# Versteh "bubble sort" und "Datenverwaltung" nicht wirklich



## Gernaldinho (5. November 2003)

Hallo Leute!
Ich habe gerade zufällig zu euch gefunden und hab folgendes Problem:
Ich schreib morgen eine Arbeit über Sortieren und Datenverwaltung...Und kapier das alles nicht wirklich...

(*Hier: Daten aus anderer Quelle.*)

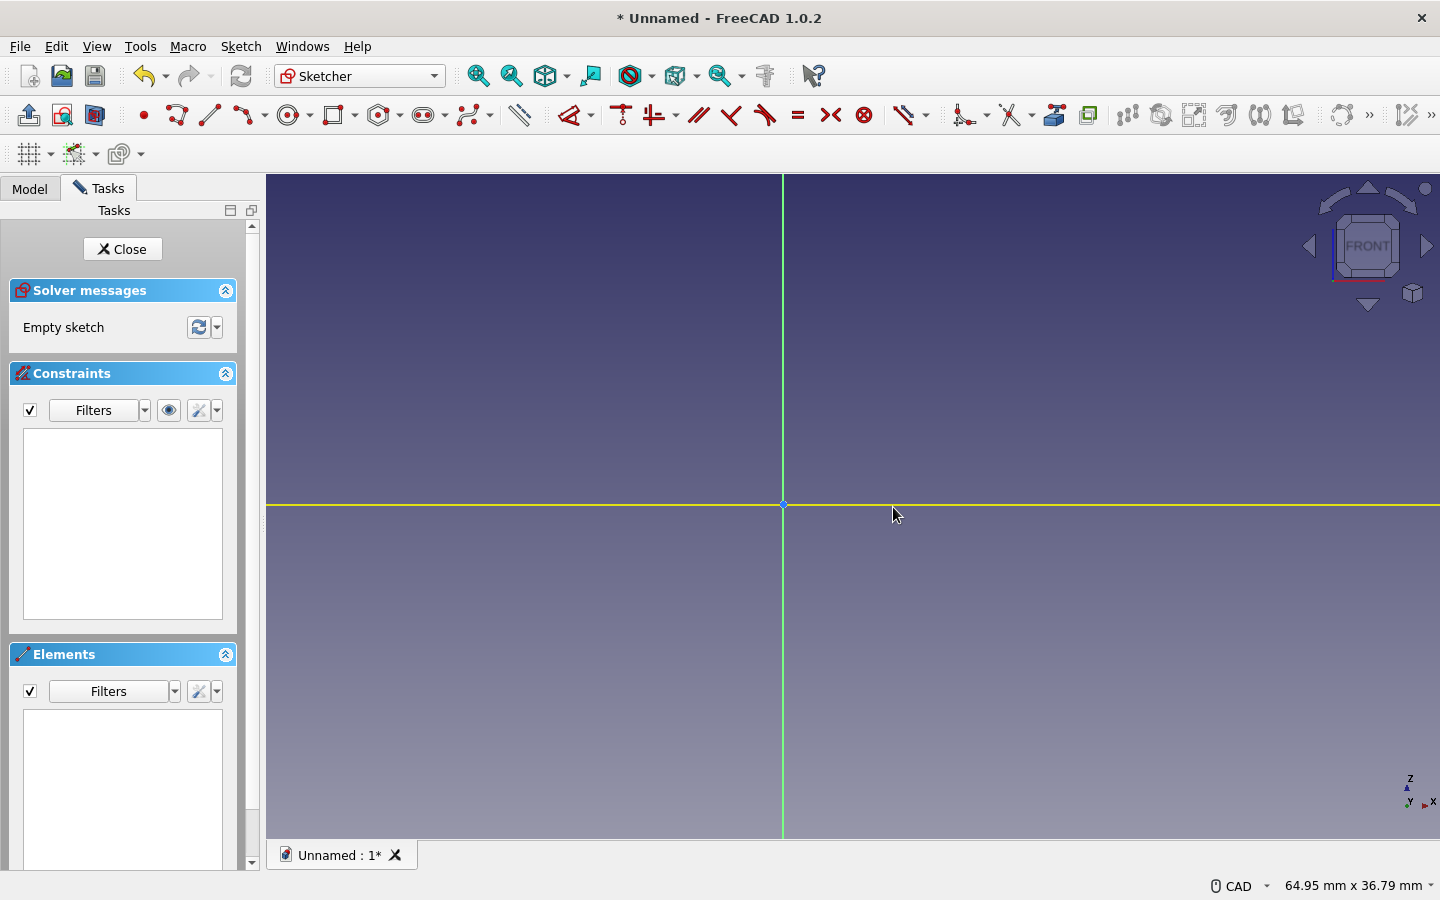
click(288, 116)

Könntet ihr mir vielleicht ein paar Sachen erklären?
Beim Sortieren:
Bräuchte ich eine Codebeschreibung zu dem Normalen Sortieren:

Private Sub bubble (a() AS integer, n AS integer)

for i = 0 to n - 1
for j = i + 1 to 4

if a(i) > a(j) then Tausch (a(i), a(j)

Next j
Next i
End Sub

Private Sub Tausch ( a As integer, b As integer)
Dim Help As integer

help = a
a = b
b = help

End Sub

*Quick Sort* 

Private Sub Quick ( a() As integer, l As integer, r As integer)
Dim i As integer
...m....
....j.....

m = (l + r) / 2
Tausch a(m), a(r)
i = l - 1
j = r

Do
 Do
     i = i +1
     loop until (a(i) >= a(r) )
 Do
     j = j - 1
     loop until ( a(j) <= a(r) )
 if (i<j) then Tausch a(i), a(j)
loop until (i > j )

Tausch a(r), a(i)

quick a(), l, i -1
quick a(), i + 1, r

end if
end sub

*Ich hoffe mal das stimmt jetzt alles* 

Und dazu bräuchte ich auch noch die Vor-/Nachteile der "Funktionen".


*2. Datenverwaltung* 

Hier bräuchte ich einen Code mit öffnen, speichern,... einer Datei am Besten mit Erklärung

Danke schonmal im Voraus für eure Hilfe, aber ich check das teilweise echt nicht ;( 

Wünsch euch Allen einen Guten Tag!
MFG
Gerrit


----------